# [PROBLEM STATEMENT]
Your copy should contain exactly the lines from the start of the material through the line containing "longitude: -50.3467", and no pictures.

# [RECORDS SUPPLIED]

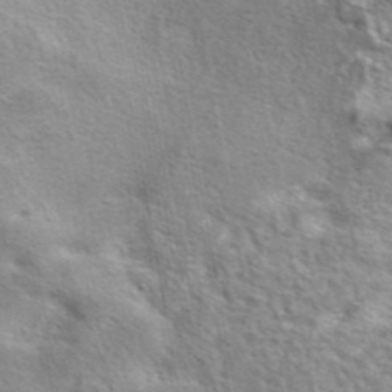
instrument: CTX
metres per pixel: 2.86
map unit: eAb
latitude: 42.0444
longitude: 103.7289
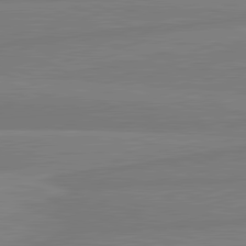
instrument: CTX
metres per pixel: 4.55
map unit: lApd
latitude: 81.8205
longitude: -175.1403
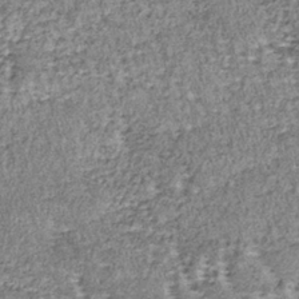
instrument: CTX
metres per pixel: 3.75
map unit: lHb
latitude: -37.3320
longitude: 66.0661
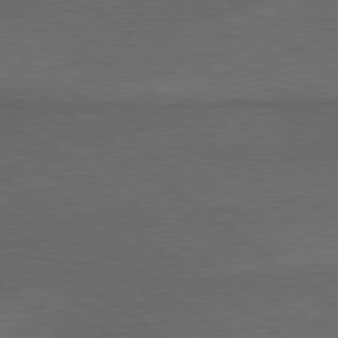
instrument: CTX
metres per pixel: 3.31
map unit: lApd
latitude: 79.6694
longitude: -176.3845
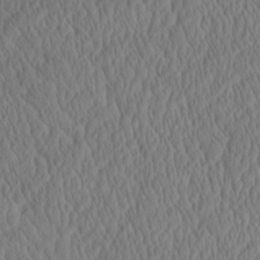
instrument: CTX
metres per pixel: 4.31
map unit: eHh
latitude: -3.7855
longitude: 16.0850
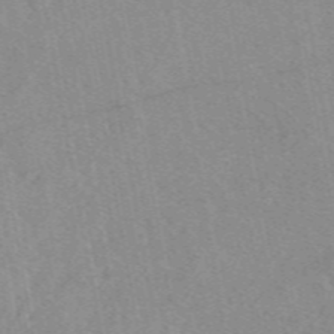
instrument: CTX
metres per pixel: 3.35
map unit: eAb
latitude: 48.7813
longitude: 110.9163
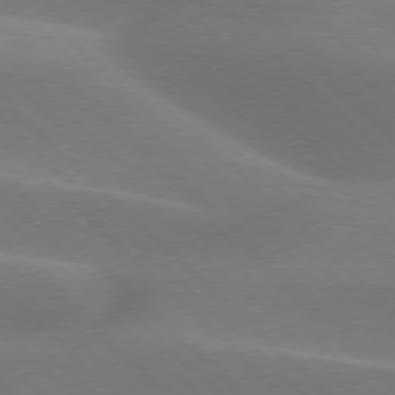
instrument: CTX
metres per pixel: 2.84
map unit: lApd
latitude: 77.2348
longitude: -51.8772
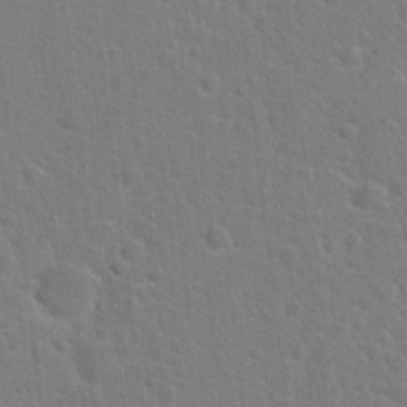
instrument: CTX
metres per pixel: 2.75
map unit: Hto
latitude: 22.2522
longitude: -47.6505
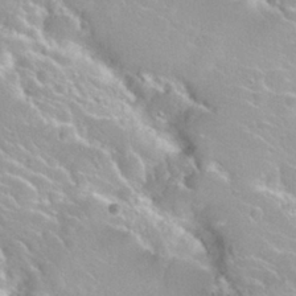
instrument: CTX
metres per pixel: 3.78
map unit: Nhu
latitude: 27.8583
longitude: -51.1592
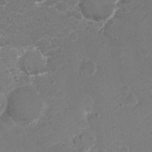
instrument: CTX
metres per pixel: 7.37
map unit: Nhu
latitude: 2.0255
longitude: -15.4805
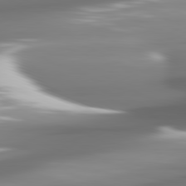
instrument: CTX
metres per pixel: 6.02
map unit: lApd
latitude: 81.5182
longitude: -143.3860
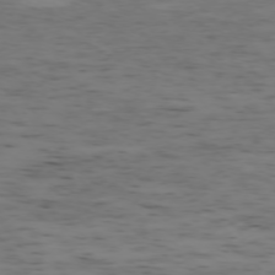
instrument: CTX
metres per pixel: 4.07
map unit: Ap
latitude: -75.3321
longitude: -79.1026
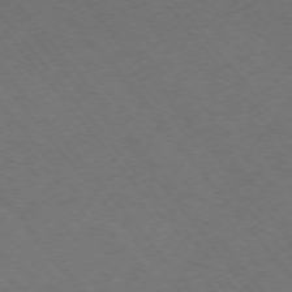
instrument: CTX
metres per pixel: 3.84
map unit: Ap
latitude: -75.1809
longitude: -69.5371
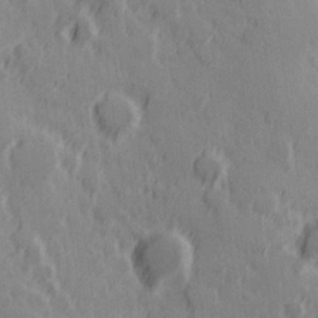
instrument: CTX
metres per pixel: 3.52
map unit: Hve
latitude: 25.7071
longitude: 146.4062
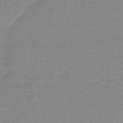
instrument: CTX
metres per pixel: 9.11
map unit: HNb
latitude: -44.9164
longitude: 53.3698
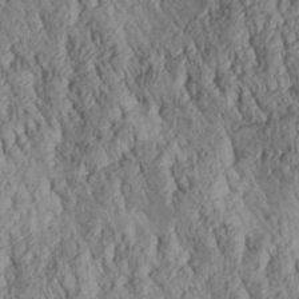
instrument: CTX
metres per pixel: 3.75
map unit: Aa
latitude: 30.3279
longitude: -137.6127
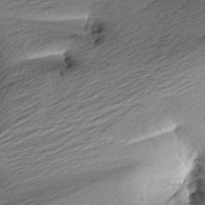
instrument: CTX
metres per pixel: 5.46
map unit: Aa
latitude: 6.1578
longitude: -137.0648
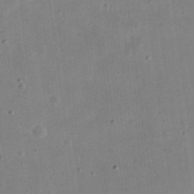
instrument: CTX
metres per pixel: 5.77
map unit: eHh
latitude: 20.8569
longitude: -70.3656
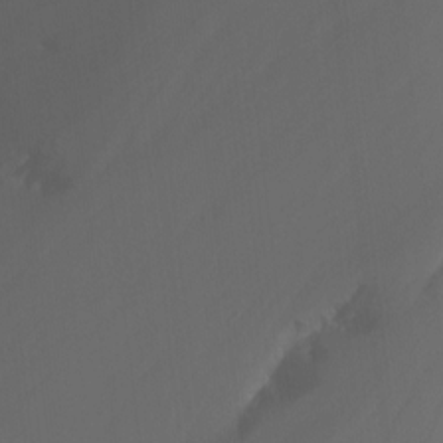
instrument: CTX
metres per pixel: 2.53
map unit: Nhu
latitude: -15.4644
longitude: -50.3467
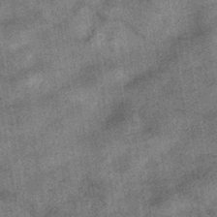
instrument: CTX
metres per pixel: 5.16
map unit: HNhu
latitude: -40.1983
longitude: 96.2929
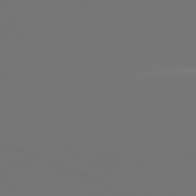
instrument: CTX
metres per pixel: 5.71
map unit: lApd
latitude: 81.4804
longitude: -152.9325
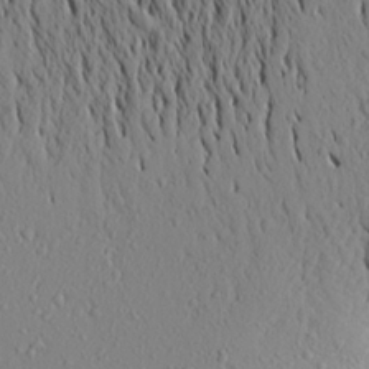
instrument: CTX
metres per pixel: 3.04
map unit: Aa
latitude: 18.8002
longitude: -148.3089
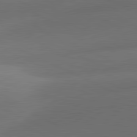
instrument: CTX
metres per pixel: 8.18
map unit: lApd
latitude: 81.5182
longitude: 134.5952
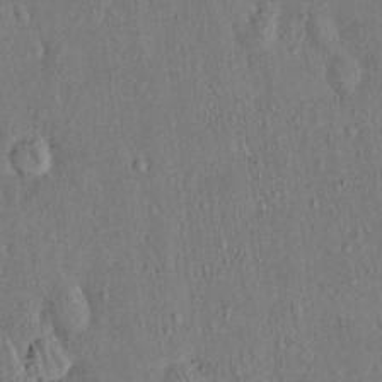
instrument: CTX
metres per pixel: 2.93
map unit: Hto
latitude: 13.8961
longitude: -58.6113
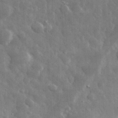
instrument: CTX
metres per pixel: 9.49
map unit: eHh
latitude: 32.3089
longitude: -69.7828
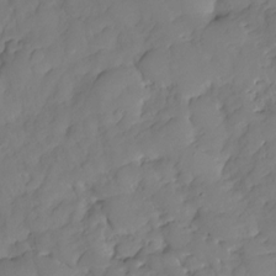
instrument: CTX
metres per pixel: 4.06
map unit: HNhu
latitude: -25.1620
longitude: 49.4077
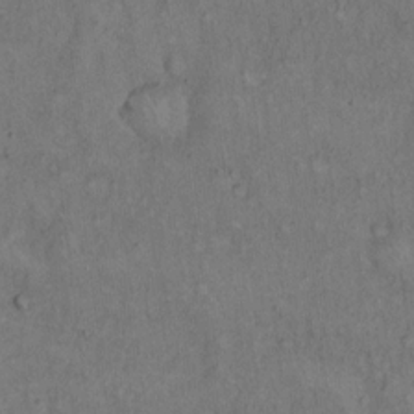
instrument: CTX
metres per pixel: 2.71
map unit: Hto
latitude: 15.0081
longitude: -61.5182
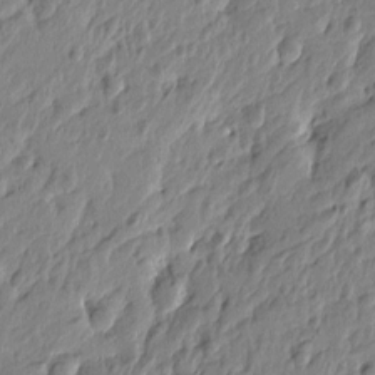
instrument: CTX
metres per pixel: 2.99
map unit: Htu
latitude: -4.7463
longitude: 179.3131
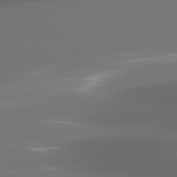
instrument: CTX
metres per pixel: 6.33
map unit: lApd
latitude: 81.6694
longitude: -144.5546
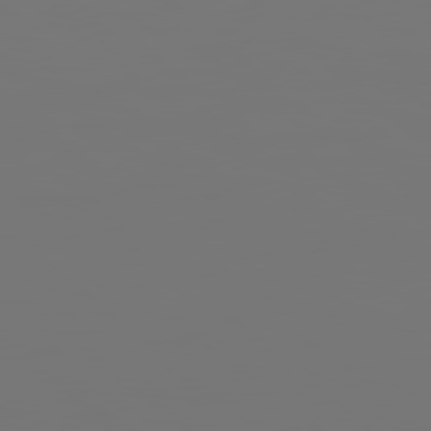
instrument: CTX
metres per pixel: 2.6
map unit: Hpe
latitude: 78.4601
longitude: 174.5384
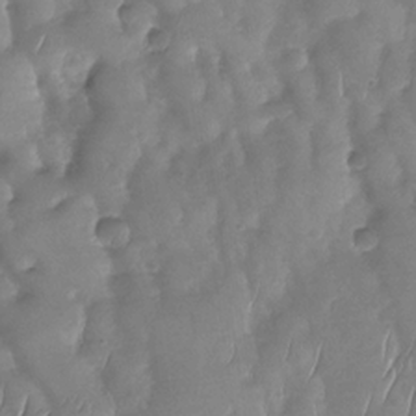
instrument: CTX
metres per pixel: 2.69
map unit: Nhu
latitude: -29.8989
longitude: -59.8583
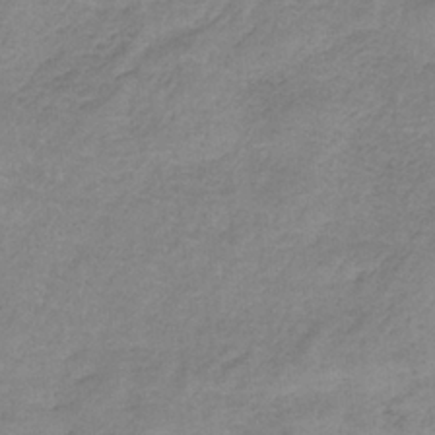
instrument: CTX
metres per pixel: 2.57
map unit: HNb
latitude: -34.5007
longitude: 58.8785
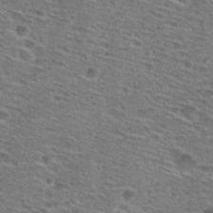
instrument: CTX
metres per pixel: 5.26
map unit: Hto
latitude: 28.5734
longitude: -47.2537
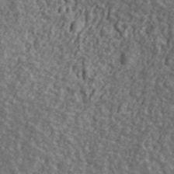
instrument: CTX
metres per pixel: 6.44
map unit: ANa
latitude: 40.2522
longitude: -89.7072
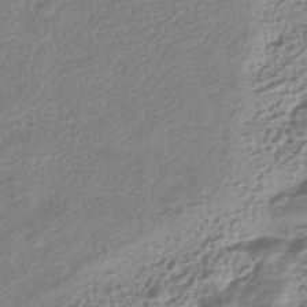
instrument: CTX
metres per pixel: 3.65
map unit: HNhu
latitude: -41.9745
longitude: 99.2376
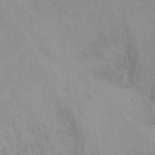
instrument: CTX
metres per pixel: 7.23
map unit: Hto
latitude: -11.2943
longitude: -37.7072
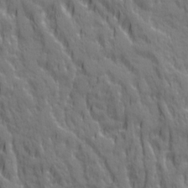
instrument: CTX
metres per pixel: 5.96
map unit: Ave
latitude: 20.2712
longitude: -134.3845

# [EXERCISE SOLUTION]
instrument: CTX
metres per pixel: 2.86
map unit: eAb
latitude: 42.0444
longitude: 103.7289
instrument: CTX
metres per pixel: 4.55
map unit: lApd
latitude: 81.8205
longitude: -175.1403
instrument: CTX
metres per pixel: 3.75
map unit: lHb
latitude: -37.3320
longitude: 66.0661
instrument: CTX
metres per pixel: 3.31
map unit: lApd
latitude: 79.6694
longitude: -176.3845
instrument: CTX
metres per pixel: 4.31
map unit: eHh
latitude: -3.7855
longitude: 16.0850
instrument: CTX
metres per pixel: 3.35
map unit: eAb
latitude: 48.7813
longitude: 110.9163
instrument: CTX
metres per pixel: 2.84
map unit: lApd
latitude: 77.2348
longitude: -51.8772
instrument: CTX
metres per pixel: 2.75
map unit: Hto
latitude: 22.2522
longitude: -47.6505
instrument: CTX
metres per pixel: 3.78
map unit: Nhu
latitude: 27.8583
longitude: -51.1592
instrument: CTX
metres per pixel: 7.37
map unit: Nhu
latitude: 2.0255
longitude: -15.4805
instrument: CTX
metres per pixel: 6.02
map unit: lApd
latitude: 81.5182
longitude: -143.3860
instrument: CTX
metres per pixel: 4.07
map unit: Ap
latitude: -75.3321
longitude: -79.1026
instrument: CTX
metres per pixel: 3.84
map unit: Ap
latitude: -75.1809
longitude: -69.5371
instrument: CTX
metres per pixel: 3.52
map unit: Hve
latitude: 25.7071
longitude: 146.4062
instrument: CTX
metres per pixel: 9.11
map unit: HNb
latitude: -44.9164
longitude: 53.3698
instrument: CTX
metres per pixel: 3.75
map unit: Aa
latitude: 30.3279
longitude: -137.6127
instrument: CTX
metres per pixel: 5.46
map unit: Aa
latitude: 6.1578
longitude: -137.0648
instrument: CTX
metres per pixel: 5.77
map unit: eHh
latitude: 20.8569
longitude: -70.3656
instrument: CTX
metres per pixel: 2.53
map unit: Nhu
latitude: -15.4644
longitude: -50.3467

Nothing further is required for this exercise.